Personne avant n’était au courant de ma consommation de Red Bull. J’ai découvert cette boisson avec des amis, on était dehors et c’était pour s’amuser. Je disais à mes parents que je ferais attention de ne pas en prendre trop souvent mais, après chaque canette, je pensais très profondément à la prochaine pour retrouver ce sentiment d’évasion que j’avais découvert. Le temps entre deux canettes a rétréci peu à peu. J’ai commencé à ne plus voir le bout du tunnel par lequel j’étais entré.

J’aimerais être fort

Ce serait un rêve de ressembler à ces personnes musclées comme dans les films ou à la salle de sport ! Je trouve qu’il y a de la force et de l’affirmation de soi dans un corps musclé. Je ne me vois pas du tout dedans et, pourtant, c’est parce que je manque de confiance en moi, d’assurance et de force que je souhaite tendre vers cet idéal.

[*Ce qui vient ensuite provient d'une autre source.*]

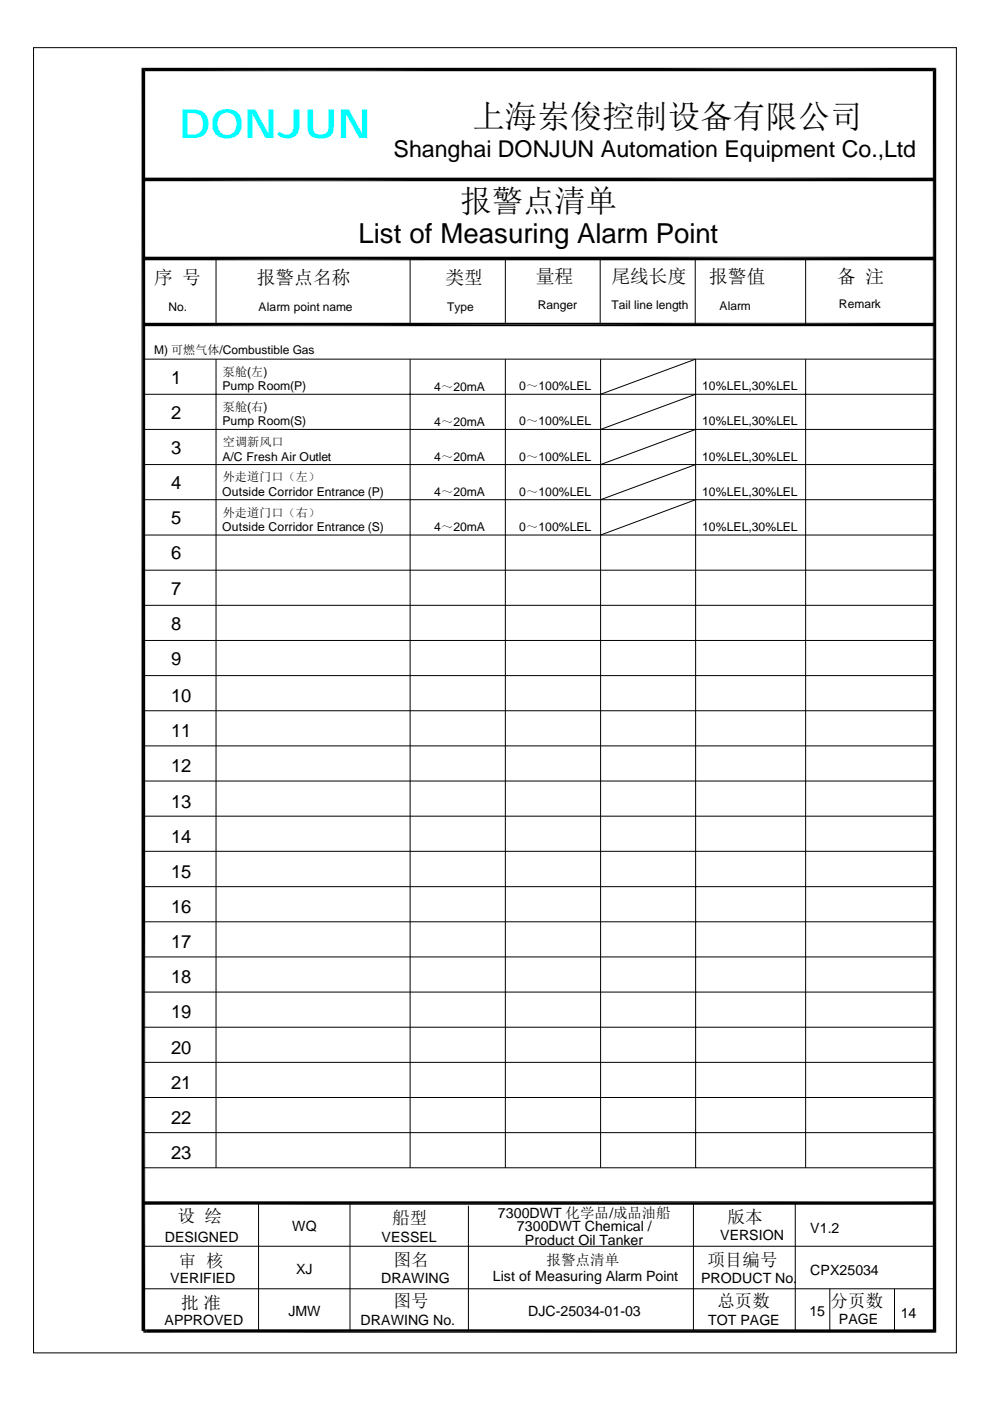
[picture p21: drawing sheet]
<svg xmlns="http://www.w3.org/2000/svg" width="210mm" height="297mm" viewBox="0 0 210 297" stroke-linecap="round" stroke-linejoin="round" font-family="sans-serif">
<defs><g id="words">
<text font-size="8.5" fill="#0ff" x="38" y="29.3">DONJUN</text>
<text font-size="6.9" x="100.2" y="27.1">上海岽俊控制设备有限公司</text>
<text font-size="6.6" x="97.6" y="44.9">报警点清单</text>
<text font-size="5.8" x="76" y="51.5">List of Measuring Alarm Point</text>
<text font-size="4.9" x="83.4" y="33.4">Shanghai DONJUN Automation Equipment Co.,Ltd</text>
<g font-size="4">
<text x="113.6" y="60">量程</text>
<text x="129.6" y="60">尾线长度</text>
<text x="32.7" y="60.3">序 号</text>
<text x="54.4" y="60.3">报警点名称</text>
<text x="94.4" y="60.3">类型</text>
<text x="150.4" y="60.1">报警值</text>
<text x="177.5" y="60">备 注</text>
</g>
<g font-size="3.9">
<text x="36.3" y="81.4">1</text>
<text x="36.3" y="88.8">2</text>
<text x="36.3" y="96.3">3</text>
<text x="36.3" y="103.7">4</text>
<text x="36.3" y="111.2">5</text>
<text x="36.3" y="118.6">6</text>
<text x="36.3" y="126.1">7</text>
<text x="36.3" y="133.5">8</text>
<text x="36.3" y="141">9</text>
<text x="36.3" y="148.8">10</text>
<text x="36.3" y="156.3">11</text>
<text x="36.3" y="163.8">12</text>
<text x="36.3" y="171.2">13</text>
<text x="36.3" y="178.7">14</text>
<text x="36.3" y="186.1">15</text>
<text x="36.3" y="193.6">16</text>
<text x="36.3" y="201">17</text>
<text x="36.3" y="208.5">18</text>
<text x="36.3" y="215.9">19</text>
<text x="36.3" y="223.4">20</text>
<text x="36.3" y="230.9">21</text>
<text x="36.3" y="238.3">22</text>
<text x="36.3" y="245.8">23</text>
</g>
<g font-size="3.7">
<text x="37.6" y="259.2">设 绘</text>
<text x="83.1" y="259.4">船型</text>
<text x="154.3" y="259.4">版本</text>
<text x="37.9" y="268.6">审 核</text>
<text x="83.4" y="268.3">图名</text>
<text x="150" y="268.4">项目编号</text>
<text x="38.4" y="277.5">批 准</text>
<text x="83.4" y="277.1">图号</text>
<text x="152.1" y="277.1">总页数</text>
<text x="176.1" y="277.1">分页数</text>
</g>
<text font-size="3.1" x="115.9" y="268.3">报警点清单</text>
<g font-size="3">
<text x="34.9" y="263.3">DESIGNED</text>
<text x="62" y="261">WQ</text>
<text x="80.9" y="263.3">VESSEL</text>
<text x="105.6" y="258.3">7300DWT 化学品/成品油船</text>
<text x="109.6" y="261.1">7300DWT Chemical /</text>
<text x="152.7" y="262.8">VERSION</text>
<text x="171.8" y="261.4">V1.2</text>
<text x="111.3" y="264">Product Oil Tanker</text>
<text x="36.1" y="272.1">VERIFIED</text>
<text x="62.8" y="270.1">XJ</text>
<text x="80.8" y="272">DRAWING</text>
<text x="104.5" y="271.6">List of Measuring Alarm Point</text>
<text x="148.6" y="272">PRODUCT No.</text>
<text x="171.8" y="270.4">CPX25034</text>
<text x="34.9" y="281">APPROVED</text>
<text x="61.2" y="279.1">JMW</text>
<text x="76.5" y="280.8">DRAWING No.</text>
<text x="112" y="279">DJC-25034-01-03</text>
<text x="150.2" y="281">TOT PAGE</text>
<text x="171.6" y="279.1">15</text>
<text x="177.8" y="280.7">PAGE</text>
<text x="191" y="279.5">14</text>
</g>
<g font-size="2.6">
<text x="47.2" y="82.7">Pump Room(P)</text>
<text x="47.2" y="79.7">泵舱(左)</text>
<text x="92.1" y="82.9">4～20mA</text>
<text x="110.1" y="82.7">0～100%LEL</text>
<text x="148.9" y="82.7">10%LEL,30%LEL</text>
<text x="47.2" y="87.2">泵舱(右)</text>
<text x="47.2" y="90.2">Pump Room(S)</text>
<text x="47.2" y="94.6">空调新风口</text>
<text x="92.1" y="90.3">4～20mA</text>
<text x="110.1" y="90.2">0～100%LEL</text>
<text x="148.9" y="90.2">10%LEL,30%LEL</text>
<text x="47.2" y="97.6">A/C Fresh Air Outlet</text>
<text x="92.1" y="97.8">4～20mA</text>
<text x="110.1" y="97.6">0～100%LEL</text>
<text x="148.9" y="97.6">10%LEL,30%LEL</text>
<text x="47.1" y="105.1">Outside Corridor Entrance (P)</text>
<text x="47.2" y="102.1">外走道门口（左）</text>
<text x="92.1" y="105.2">4～20mA</text>
<text x="110.1" y="105.1">0～100%LEL</text>
<text x="148.9" y="105.1">10%LEL,30%LEL</text>
<text x="47.1" y="112.6">Outside Corridor Entrance (S)</text>
<text x="47.2" y="109.6">外走道门口（右）</text>
<text x="92.1" y="112.7">4～20mA</text>
<text x="110.1" y="112.6">0～100%LEL</text>
<text x="148.9" y="112.6">10%LEL,30%LEL</text>
</g>
<g font-size="2.5">
<text x="35.7" y="65.9">No.</text>
<text x="54.8" y="65.9">Alarm point name</text>
<text x="94.8" y="65.9">Type</text>
<text x="114" y="65.6">Ranger</text>
<text x="129.6" y="65.6">Tail line length</text>
<text x="152.6" y="65.6">Alarm</text>
<text x="177.9" y="65.3">Remark</text>
<text x="32.7" y="75">M) 可燃气体/Combustible Gas</text>
</g>
</g></defs>
<g fill="none" stroke="#000" stroke-width=".21">
<path d="M7.1 10.1h195.7v276.7h-195.7zM30.4 14.8h167.7v267.4h-167.7zM30.4 38h167.7M30.4 54.8h167.7M45.8 54.8v14M87 54.8v14M107.1 54.8v14M127.3 54.8v14M147.4 54.8v14M170.8 54.8v14M30.4 76.1h167.7M45.8 76.1v171.5"/>
<path d="M87 76.1v171.5M107.1 76.1v171.5M127.3 76.1v171.5M170.8 76.1v171.5M30.4 83.6h167.7M30.4 91h167.7M30.4 98.5h167.7M127.3 83.6l20.2-7.5v171.5M147.5 91l-20.2 7.5M147.5 98.5l-20.2 7.4M147.5 83.6l-20.2 7.4M30.4 105.9h167.7"/>
<path d="M30.4 113.4h167.7M147.5 105.9l-20.2 7.5M30.4 120.9h167.7M30.4 128.3h167.7M30.4 135.8h167.7M30.4 143.2h167.7M30.4 150.7h167.7M30.4 158.1h167.7M30.4 165.6h167.7M30.4 173h167.7M30.4 188h167.7M30.4 195.4h167.7"/>
<path d="M30.4 180.5h167.7M30.4 202.9h167.7M30.4 210.3h167.7M30.4 217.8h167.7M30.4 225.2h167.7M30.4 232.7h167.7M30.4 240.1h167.7M30.4 247.6h167.7M30.4 255.1h167.7M54.8 255.1v27.1M74.2 255.1v27.1M99.3 255.6v26.6"/>
<path d="M147 255.1v27.1M168.6 255.1v27.1M30.4 273.2h167.7M30.4 264.2h167.7M175.9 273.2v9M189.7 273.2v9"/>
</g>
<g fill="#000">
<path d="M30 14.4h168.5l-167.7 .7zM30.8 15.1l167.7-.7-.7 .7zM197.8 15.1l.7 267.5-.7-.8zM197.8 15.1l.7-.7v268.2zM30.4 37.7h167.7l-167.7 .7zM30.4 38.4l167.7-.7v.7zM30.4 55.2l167.7-.8v.8zM30.4 54.4h167.7l-167.7 .8zM30.4 68.4h167.7l-167.7 .8zM30.4 69.2l167.7-.8v.8zM30.4 254.7h167.7l-167.7 .7zM30.4 255.4l167.7-.7v.7z"/>
<path d="M30 14.4l.8 267.8h-.8zM30 14.4l.8 .7v267.1zM31.1 281.8v.8h-.7zM30.4 281.8h.7l-.7 .8zM31.1 281.8h166.7l-166.7 .8zM31.1 282.6l166.7-.8 .7 .8z"/>
</g>
<use href="#words"/>
</svg>

Je recherche juste à avoir des muscles qui seraient visibles parce que ça témoignerait d’une force et m’aiderait à m’imposer en société. Je me vois être plus sûr de moi et assumer mes choix dans un corps fort qui me plaît. Surtout aujourd’hui, car mes choix définiront mon avenir et je dois les assumer. Mais je me dis tous les jours que je ne pourrais jamais changer si je continue à fantasmer sur des rêves idéaux. Je n’arrive pas à m’accepter tel que je suis et je voudrais sortir de cette spirale infernale. Heureusement, j’ai fini par découvrir l’escalade.

Emporté par l’adrénaline que procure l’escalade

C’était en 2019. J’étais en seconde et nous sommes allés à l’association sportive du lycée, le midi. Avec le professeur de sport, nous avons appris à faire les nœuds et à assurer les personnes qui grimpent. Une fois les binômes constitués, nous nous sommes placés devant le mur. Ce mur était immense et donnait le vertige même d’en bas. Les premiers instants, quand les pieds sortent du sol pour se placer sur les prises, sont magiques. On se sent emporté par l’adrénaline et l’envie de monter plus haut. Arrivé tout là-haut, le vertige revient, mais arrivé au sol, l’envie de remonter revient vite.

Quand je vais à la salle d’escalade de Vertical’Art à Montigny-le-Bretonneux, je vois très souvent des jeunes d’une vingtaine d’années, avec des bras très massifs et des corps super bien dessinés. Il y a même une salle de musculation. Mais le plus important quand je rentre dans cet endroit, c’est de me concentrer sur la pratique du sport, et non la jalousie.

Ali a subi des moqueries sur son poids pendant des années. Il rappelle que les injonctions et la grossophobie concernent aussi les garçons.

Capture d'écran de l'article "Ce corps que je déteste" publié sur le site de la ZEP le 26 juillet 2022. Photo d'un jeune homme dans l'ombre.

Depuis cette première fois, je pratique plus souvent du sport à l’AS sur mon temps le midi, quitte à sacrifier le peu de temps que j’avais pour manger. Je me suis même ouvert à d’autres sports : le badminton et le basket. Quand j’en fais, je me sens actif et je prends un peu plus le contrôle de mon corps. Cela me procure plus de plaisir que quand je mange, et c’est plus durable.

Étienne, 17 ans, lycéen, Yvelines

Crédit photo Pexels // CC Tima Miroshnichenko

 

 

Les TCA ne touchent pas que les filles

20 % des diagnostics de TCA concernent des garçons. En réalité, le pourcentage de garçons malades est plus élevé : ils sont moins diagnostiqués que les filles.

 

Pourquoi ? Déjà, parce que dans la tête de beaucoup de médecins comme de familles, les TCA sont une histoire de filles : ça ne peut pas concerner un garçon.

 

De manière générale, les maladies psys sont assez taboues, d’autant plus chez les hommes, parce qu’elles mettent à mal les stéréotypes de virilité. Du coup, les garçons osent moins appeler à l’aide que les filles.

 

Chez les garçons, les TCA ne se manifestent pas toujours comme chez les filles, ce qui explique aussi les difficultés à les repérer : sport très intensif, consommation excessive de protéines, hyperactivité…

 

Ce diagnostic tardif peut avoir des conséquences dramatiques : plus on attend, plus les TCA s’installent, et plus les séquelles peuvent être importantes. Dans le cas de l’anorexie, 7 % des malades meurent de dénutrition ou se suicident.